FAMILY

Cara Mengatasi Anak Tantrum akibat Toilet Training

Kumara Anggita
Selasa 24 November 2020 / 10:19
Jakarta: Toilet training adalah suatu fase yang perlu dihadapi orang tua dan juga anak. Fase ini tidak mudah, mungkin akan timbul banyak drama termasuk tantrum.

Tapi jangan khawatir, kali ini para ibu punya beberapa cara mengatasinya, seperti yang disarankan Rininta Meyftanoria, M.Psi, Psikolog selaku Psikolog Klinis Anak berikut ini:
 

1. Tetap tenang


Kunci saat anak tantrum adalah tetap tenang. Sebab lama kelamaan anak akan terbawa suasana dengan ketenangan orang tua.

“Saya bisa merasakan bagaimana rasanya saat anak tantrum, pasti dalam hati ingin ikut-ikutan menjerit atau membentak juga ya," ujar Rininta.

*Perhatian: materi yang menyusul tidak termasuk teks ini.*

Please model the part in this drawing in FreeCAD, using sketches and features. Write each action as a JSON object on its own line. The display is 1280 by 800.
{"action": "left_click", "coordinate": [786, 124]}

Kalau anak sedang tantrum yang mesti diusahakan oleh orang tua adalah bersikap santai. Dalam artian, tenang dalam segala hal. Seperti intonasi yang biasa-biasa saja, begitu juga dengan ekspresi muka orang tua.

"Jadi mungkin kamu tidak marah tetapi ekspresi mukamu menunjukkan kesal dan anak merasakannya,” papar Rininta.
 

2. Ketahui penyebab tantrum anak


Selain itu orang tua juga perlu mengtahui mengapa anak tantrum. Bisa jadi ini terjadi karena anak merasa tertekan atas ekspektasi orang tua.

“Atau mungkin anak pernah mendengar secara tidak sengaja kalau kamu membicarakan tentang kesulitan ia melakukan toilet training. Jadi akhirnya si anak mengingatnya, sehingga setiap kali ia tidak berhasil untuk pipis di kamar mandi, ia merasa gagal dan timbullah tantrum,” terang Rininta.
 

3. Hilangkan ekspektasi agar tidak emosi


Untuk menghindari emosi, Rininta juga menganjurkan para orang tua untuk tidak berekspektasi. Dengan seperti itu, orang tua bisa lebih sabar menjalani prosesnya.

“Toilet training ini bisa menguras emosi sekali, jadi sebaiknya kamu tidak berekspektasi apapun saat melatih anak untuk pipis di WC. Ketika kita tidak punya ekspektasi, maka kita tidak merasa ada beban. Sebaliknya, jika kita berekspektasi tinggi, kita merasa terbebani. Sehingga anak juga merasa terbebani juga,” ungkapnya.
 

4. Manfaatkan buku cerita


Agar toilet training lebih mudah dipahami anak, orang tua juga bisa memanfaatkan buku cerita yang ada. Hal ini akan membuat anak merasa lebih santai dan menyerap informasi toilet training dengan lebih efektif.

“Untuk toilet training, lakukan secara bertahap ya. Kamu juga bisa mulai untuk mengenalkan toilet training kepada anak melalui buku-buku cerita yang berhubungan dengan toilet training. Sehingga ia punya gambaran tentang toilet training dan harus dilakukan secara menyenangkan,” jelas Rininta.
 

5. Buat anak senyaman mungkin


Terakhir, buatlah anak merasa nyaman sebisa mungkin saat belajar. Tugas orang tua adalah melihat faktor-faktor apa saja yang membuat anak merasa tidak nyaman dan berupaya menghindarinya.

“Saat toilet training berlangsung, kamu juga harus perhatikan apa-apa saja yang tidak menbuat dia nyaman. Coba untuk ubah hal-hal tersebut agar ia nyaman saat toilet training. Bisa juga sambil bernyanyi tentang toilet training agar anak nyaman,” pungkasnya.